[Date Prev][Date Next][Thread Prev][Thread Next][Date Index][Thread Index]

[HTCondor-users] Advertised Memory of an execute point running in Apptainer.



Hi all,

We try to run an HTCondor execute point (master, startd) in an apptainer container within a SLURM job. HTCondor starts and is able to run jobs. However, the advertised memory is always the memory of the host system or when I limit the memory via apptainer (apptainer run --memory ....). I tried setting the "Memory" class-ad in the config of the execute point, but it has no effect. I also tried it withMemory = "foo". The execute point still advertises the memory of the host system and accepted jobs. The start of the job failed because it tried to evaluate Memory="foo" and complained that it is no integer.

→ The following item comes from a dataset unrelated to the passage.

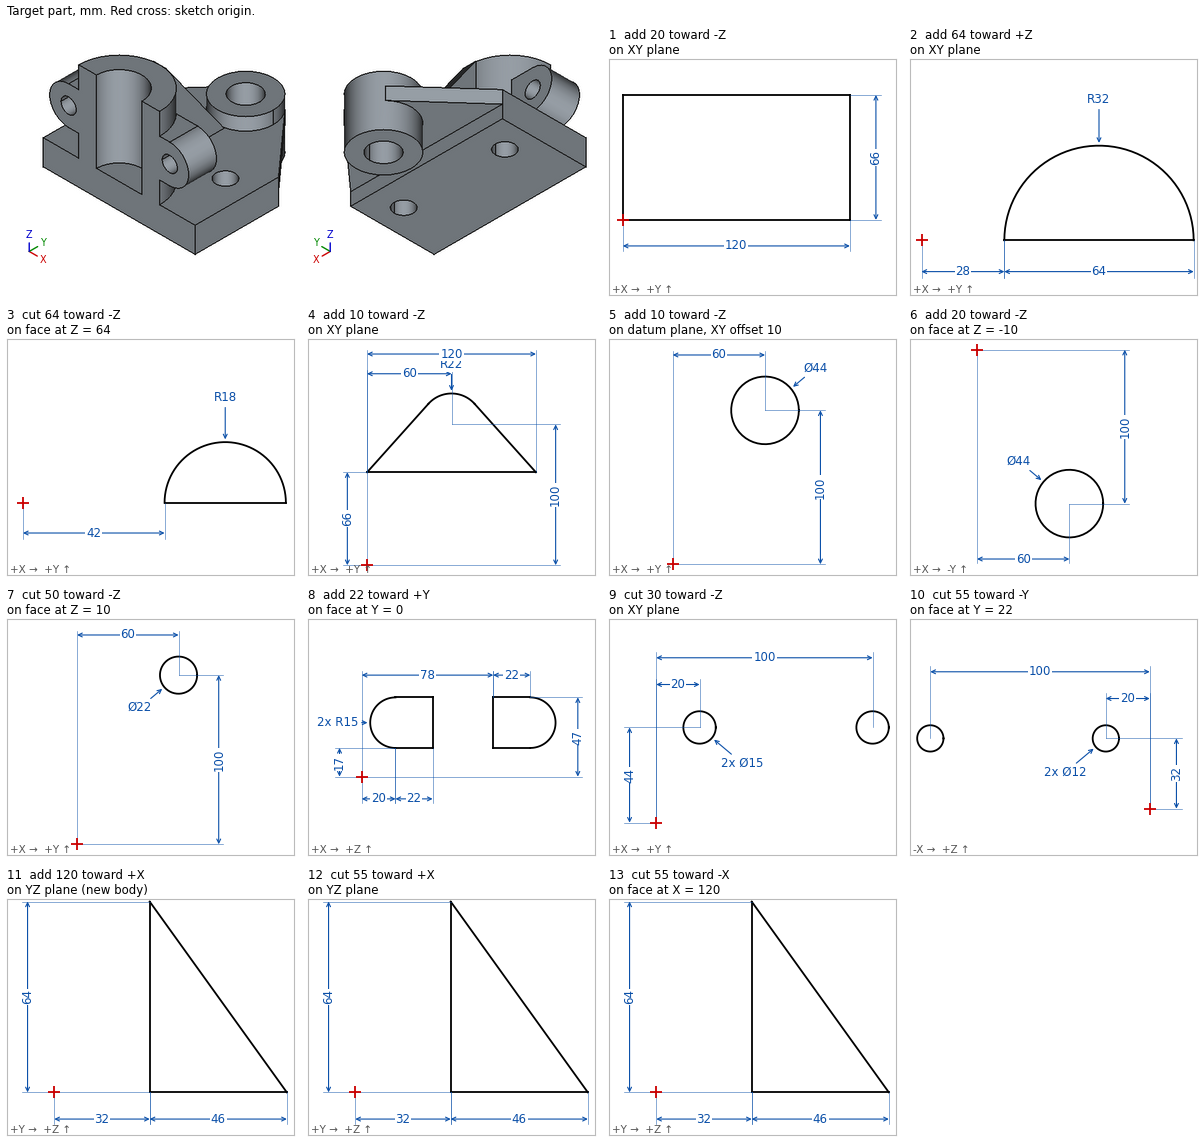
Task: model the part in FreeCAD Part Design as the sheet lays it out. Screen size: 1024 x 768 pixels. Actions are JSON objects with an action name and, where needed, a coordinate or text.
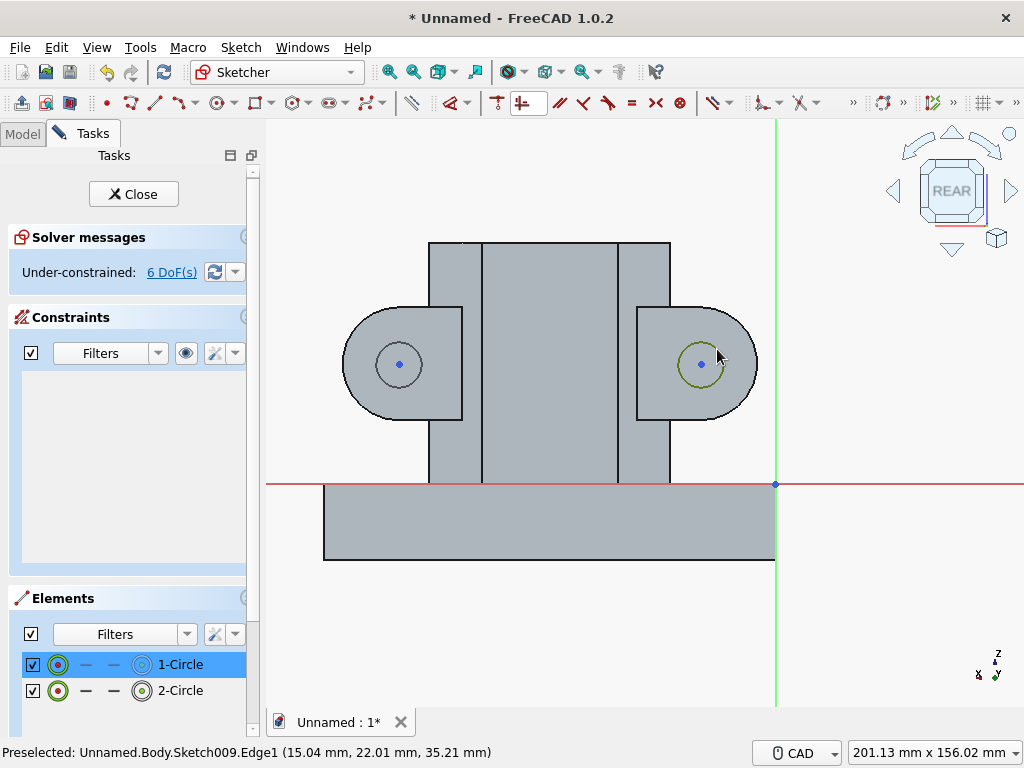
{"action": "left_click", "coordinate": [415, 349]}

Do I need to set something?
The Slurm WN is a Rockylinux 9.5. I tried HTCondor versions 23.10.18 and 24.0.5. The Slurm cluster sund the cgroup v2 plugin slurmstepd.
Could it be a problem with how the groups are set up?
The memory limit of the job itself is set to what the job requests:

cat /sys/fs/cgroup/system.slice/slurmstepd.scope/job_3679/memory.max
536870912000

But the process of HTCondor runs in a sub-cgroup where the limit is set to max

cat /sys/fs/cgroup/system.slice/slurmstepd.scope/job_3679/step_batch/user/task_0/memory.max
max

Best regards,

Matthias